I already wrote about this before, but I'm going to write about it again.
The middle class is a fallacy.
This is not a diatribe linked to political ideology. I could sit here and regurgitate a whole bunch of facts and figures, and what has happened to the economic standing of the middle class of the past 10 years. I could talk about how that same article released yesterday related American mindset where they blame just about anything and everything -- to big business, to big banks, to Wall Street, the government policy, to Obama, to Bush, and so on. I've already given what I believed happened, and I'm going to do it again, in brief.
Before I do that, I want to illustrate that the middle class was never a legitimate socioeconomic standing; it is almost as a believable of a demographic as supply-side economics is a believable school of economic thought. It is a socioeconomic concoction fueled out of total bullshit, first coined in 1745 in James Bradshaw's pamphlet Scheme to prevent running Irish Wools to France, and subjected to more meanings than most people today would really care to keep up with. These days, the middle class takes on a populist romanticism meaning, which the more and more I hear about it, the more and more foolish I come to realize it really is.

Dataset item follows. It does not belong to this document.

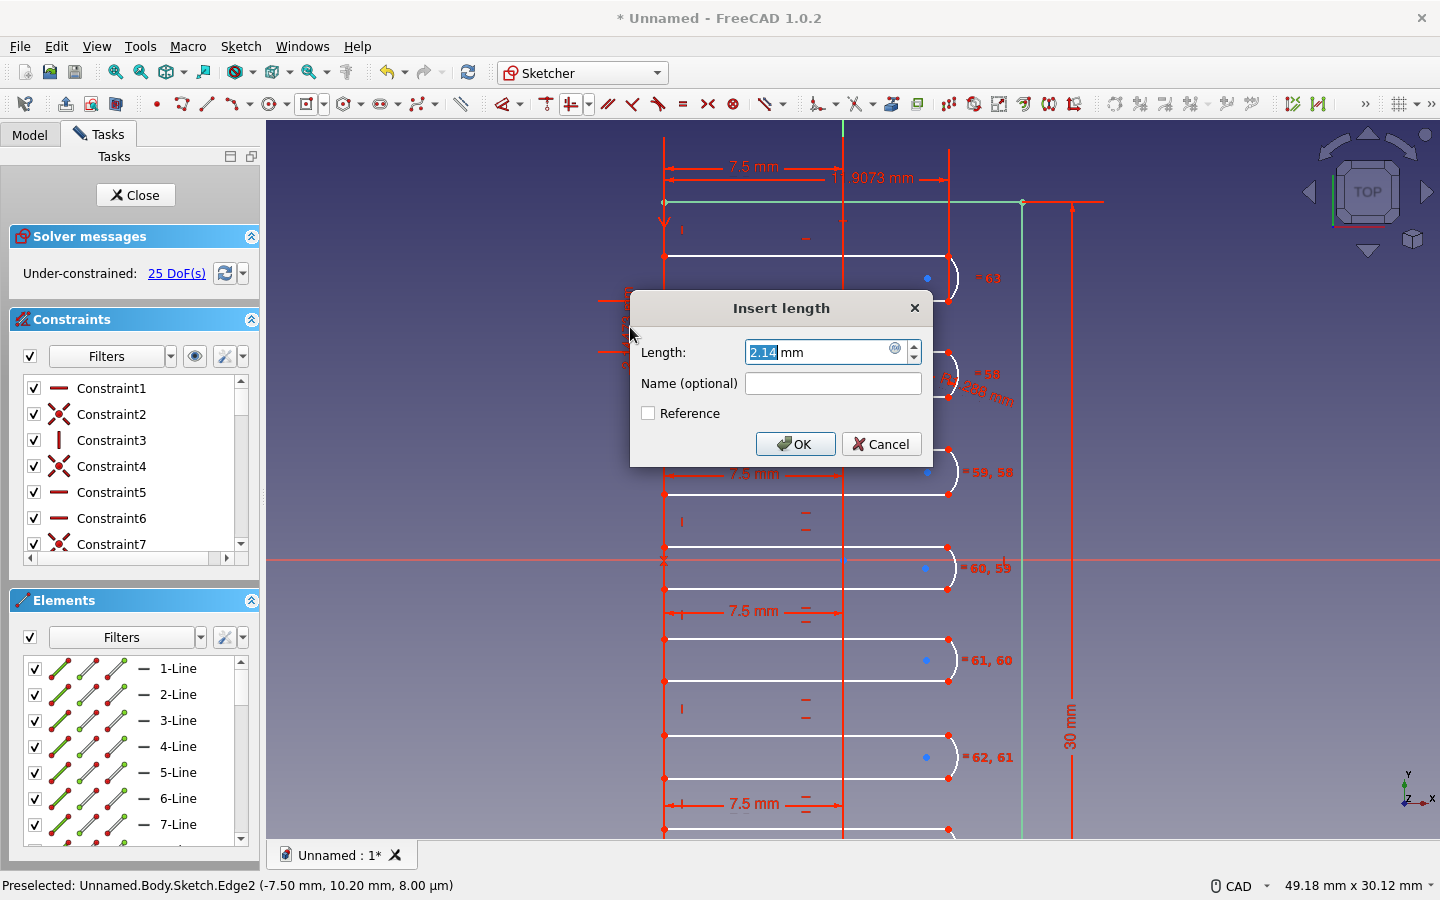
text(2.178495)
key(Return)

There's really two types of people that participate in today's capitalist economy -- those that can "make it" and those that "cannot". Anything beyond that is by definition of relative personal comfort and convenience: someone that makes $25,000 year may be living comfortably and feel like he or she has it made thanks to a very cheap standard of living; someone that makes $47,000 a year may feel that he or she is living marginally based on factors such as education attained, a personal view on the value of their skill, personal debt, and just really a relative desire for more money.

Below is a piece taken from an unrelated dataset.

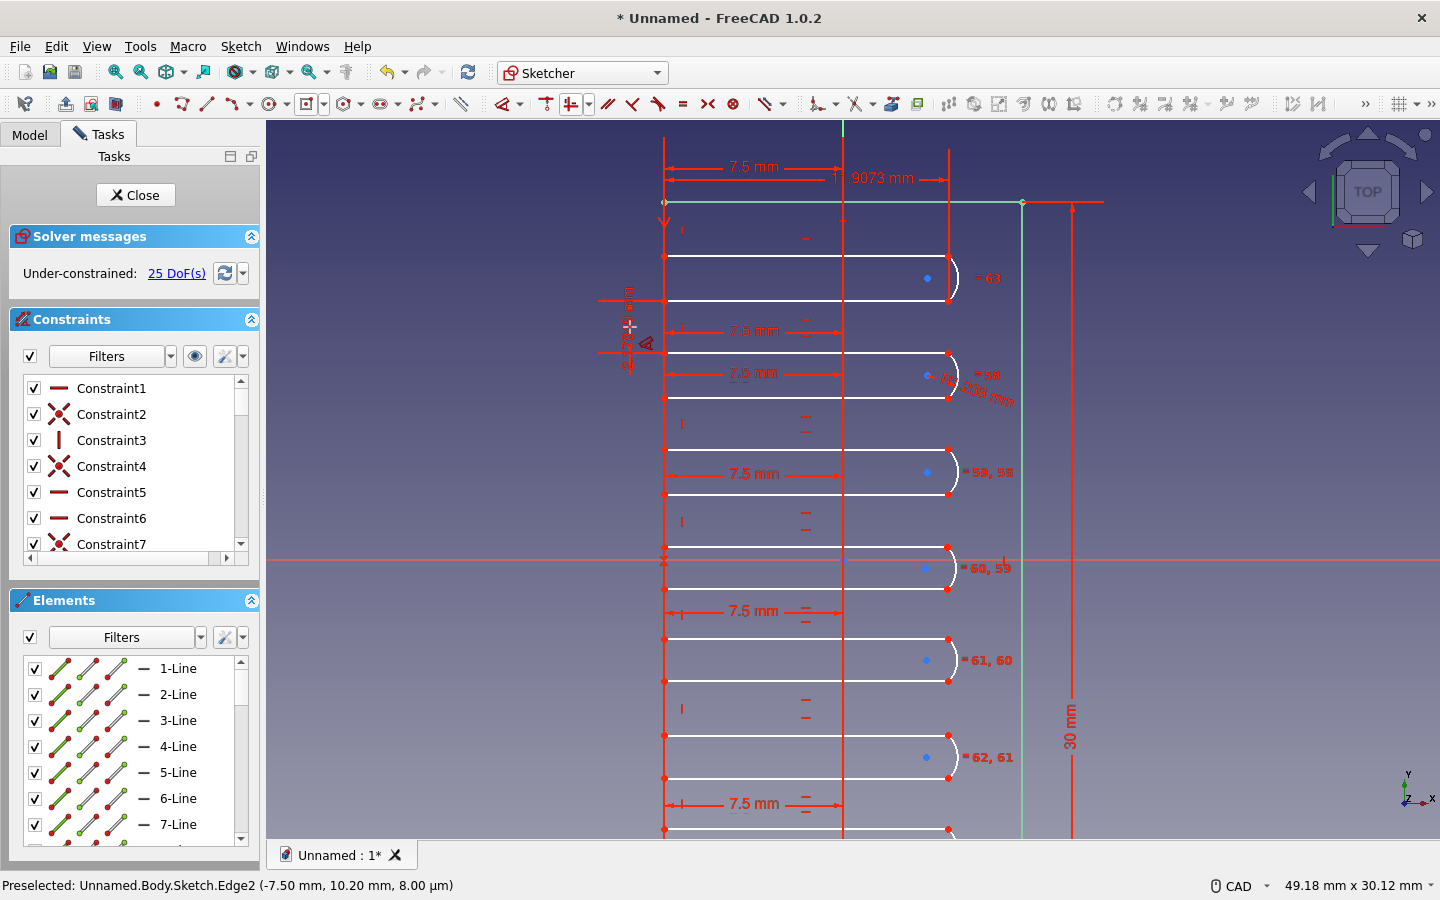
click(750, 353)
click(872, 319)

I know, I know - the whole "middle class" label gives people a certain sense of belonging and purpose; that's more or less why it takes on so much meaning as it does now. Because of the meaning that it takes on, it became legitimately seen as part of social hierarchy; the unfortunate side effect is that because of people not seeing the payoff, as in, "I worked my ass off and now why is all of this happening to me?", we get to be inundated by whining, bitching, and polls by Gallup demonstrating why people are so scared to consume.
I'm sticking by the things I've been pointing out the last few weeks: that labor has become devalued thanks to automation and globalization, that profit superseded volume as the barometer of success, that personal debt is still too high, and this is largely the end game of what happens when a country moves further along as a post-industrial economy. In short, it wasn't a matter of if it was going to happen, but when it was going to happen.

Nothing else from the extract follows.